Tasting changes in how we look at preserving buildings should make us wary, says David Winpenny
Which buildings should we preserve? What should we allow to be demolished or changed? Should we be allowed to change everything – or nothing? What does preservation mean?
These questions have exercised architects and lovers of old buildings, planners and local authorities, for at least 200 years. Since the antiquarians of the 17th and 18th centuries began to look at buildings not so much as utilitarian structures but as works of art and of ‘heritage’ (though they would not have recognised the world in its modern sense) there has been a dilemma.
Before, say, 1600 the dilemma would hardly have existed. A building was constructed to serve a purpose. If it stopped being useful it was either altered or demolished and replaced. The style that was chosen was the style of the time – not pastiche or pretend ‘ancient’. Only occasionally, in the most prestigious buildings, did some historical and aesthetic considerations come into play; in 1375 the master-mason Henry Yevele (there were no architects as such then) was asked to complete the nave of Westminster Abbey. The eastern part had been built in the 13th century. When Yevele arrived its style was desperately old fashioned. Yet he and the Abbot of Westminster of the late 14th century decided to continue the 13th-century style, very slightly tweaked so that it’s possible to tell where their work began if you look hard.
Such sensitivity was very rare. It was only in the early 18th century that things began to change. In 1709 Sir John Vanbrugh tried to persuade the Duchess of Marlborough to preserve the old Woodstock manor house at Blenheim both for its historical associations and for its picturesque setting. His request fell on deaf ears, but as the century progressed such ideas became central to the thoughts of educated gentlemen.
If you happened to have a real ruined abbey, like Fountains or Rievaulx, as the climax of your garden you were a happy man. If not, you could build artificial ruins. We have only to go as far as Hackfall to see several of them. By the end of the 18th century, though, this was considered rather frivolous. Stern antiquarianism came to the fore, and buildings were considered in a new light. Preservation was the order of the day.
Preservation has always meant different things at different times. In the late 18th century the architect James Wyatt – he who designed Ripon Town Hall – earned two opposing reputations.

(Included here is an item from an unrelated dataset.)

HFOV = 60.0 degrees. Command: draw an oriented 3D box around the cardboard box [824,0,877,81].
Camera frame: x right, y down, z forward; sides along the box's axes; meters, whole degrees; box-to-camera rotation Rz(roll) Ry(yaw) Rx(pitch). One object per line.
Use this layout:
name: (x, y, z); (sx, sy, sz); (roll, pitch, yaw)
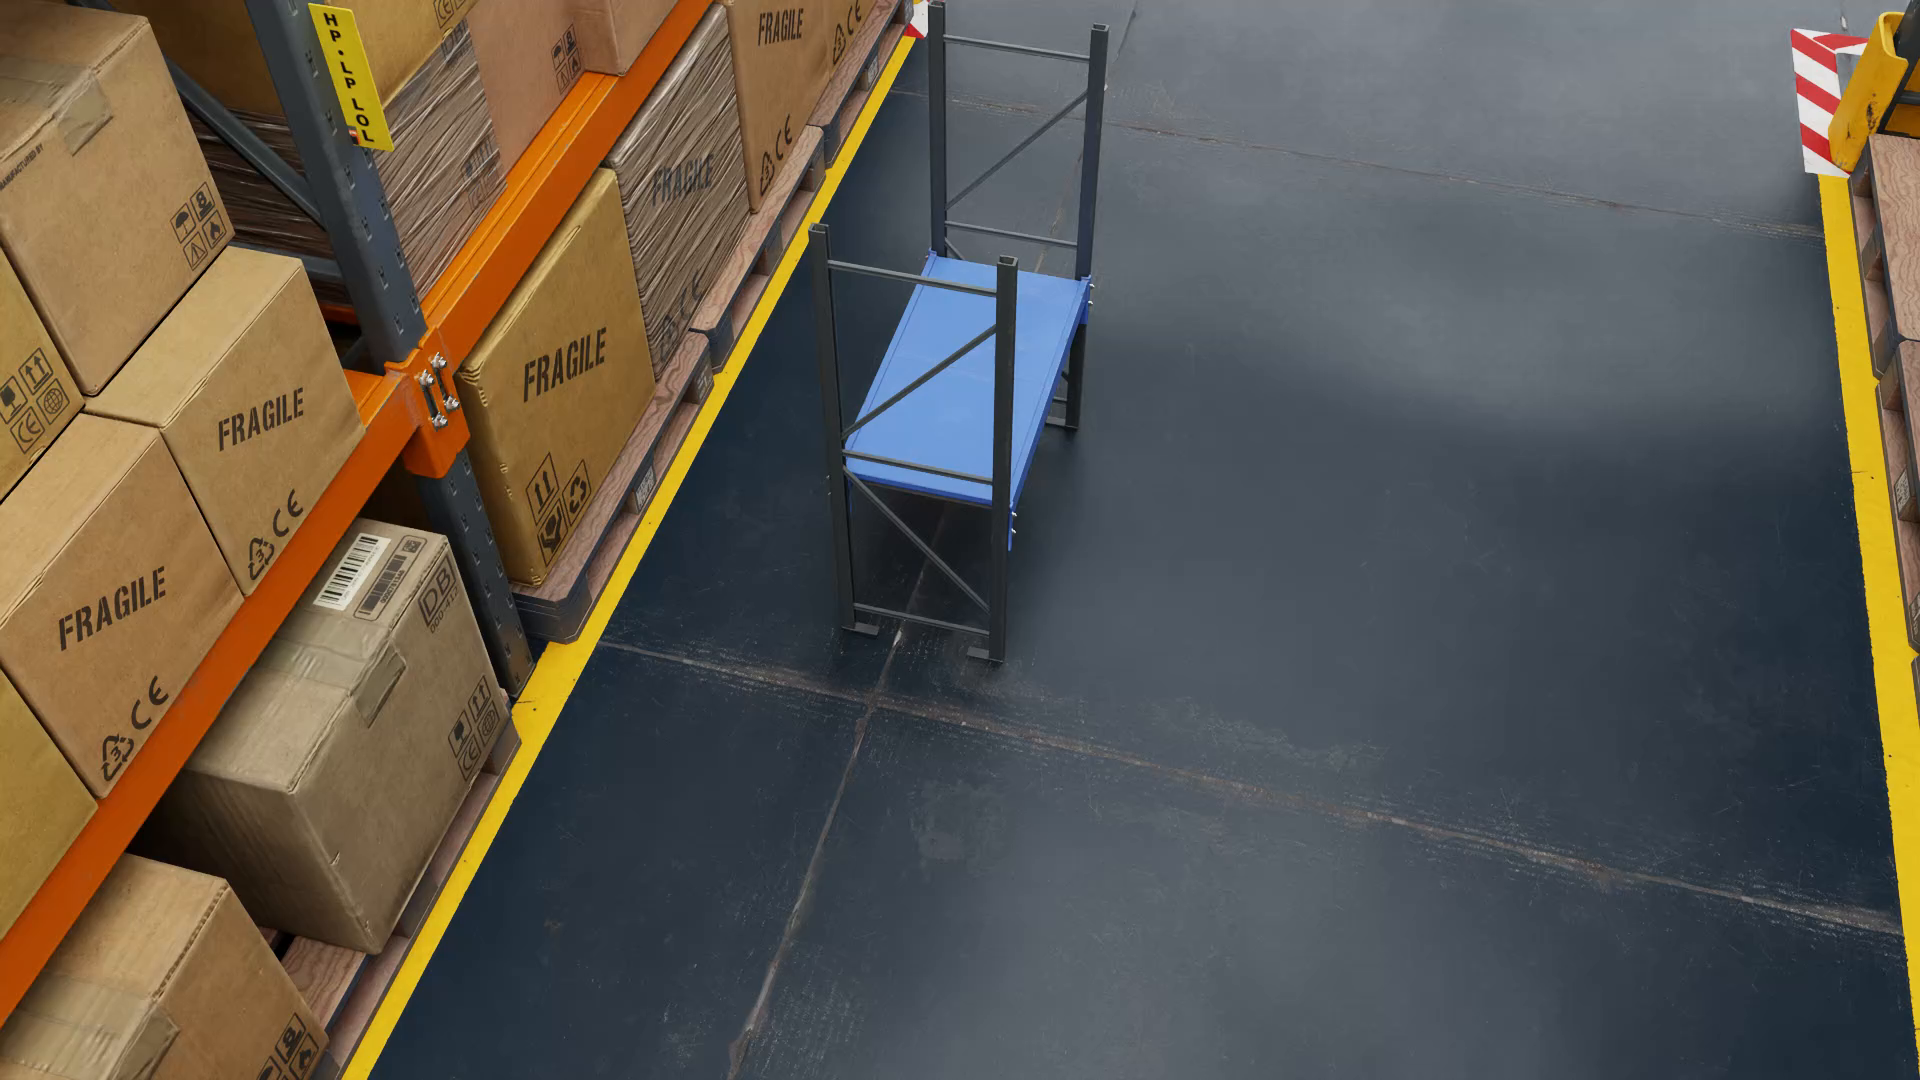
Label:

To many cathedral Deans and Chapters he was the man to call in to make their great historic buildings watertight and bring them up to modern standards. To others he was ‘the arch destroyer’ who swept away the historical fabric of these miraculous medieval buildings, refacing them with new stone and throwing out all the best carvings. He was followed by architects like Blore, who restored Ripon Minster in the early 19th century with papier-maché vaults.
Only 20 or so years later taste had changed again, and the serious Gothic Revival architects, spearheaded by Pugin and including men like Gilbert Scott, were hard at work trying to get back to what the creators of the medieval cathedrals had intended. They ‘restored’ original features, sometimes on the flimsiest evidence. Ripon Cathedral (as it now was) escaped relatively lightly; in some places Scott was much more invasive. Yet, like Wyatt before him, he was working within the spirit of the age.
Again the pendulum was swinging. In 1877 William Morris founded the Society for the Protection of Ancient Buildings, partly as a protest against what Scott and his fellow restorers were up to. Morris said of such buildings ‘We have no right whatever to touch them. They are not ours. They belong partly to those who built them, and partly to all generations of mankind who are to follow us.’ Gradually legislation came in to protect, first, ancient monuments and, then, listed buildings.
Yet still protection was only partial. In the ‘white heat of technology’ fuelling the 1960s and 70s, there was a great deal of destruction of lesser, though important buildings, especially in city centres – Ripon was not immune. Sometimes this worked in favour of buildings. Some country houses survived because their owners were permitted to demolish grandiose and now-decaying Victorian additions to 18th-century houses.
The argument here was to take them back to their original state. There have been some notable successes – such as Chiswick House and Asgill House, both in west London – though even here compromises have inevitably been made, and their architects might not quite recognise their original concepts.
Is the pendulum now at its furthest swing? It would be almost impossible today to have such demolition of 19th-century work permitted. In listed buildings – certainly of Grade II* and Grade I – even moving a wall or unblocking a window is hardly ever permitted. No wonder owners sometimes abandon attempts to bring buildings back to life.
This is surely self-defeating. Any decision must have a certain amount of pragmatic common sense, as at Hellifield Peel, west of Skipton, where English Heritage permitted changes and reconstruction to make it a modern, liveable house.
That is why it makes sense, for example, to allow the demolition of the rear parts of the Abbott’s building on North Street in Ripon to allow the construction of a cinema. We may regret some loss of 19th-century fabric. But we may gain something more useful than an abandoned building. It is not a precedent for general destruction – it is a recognition of practicality.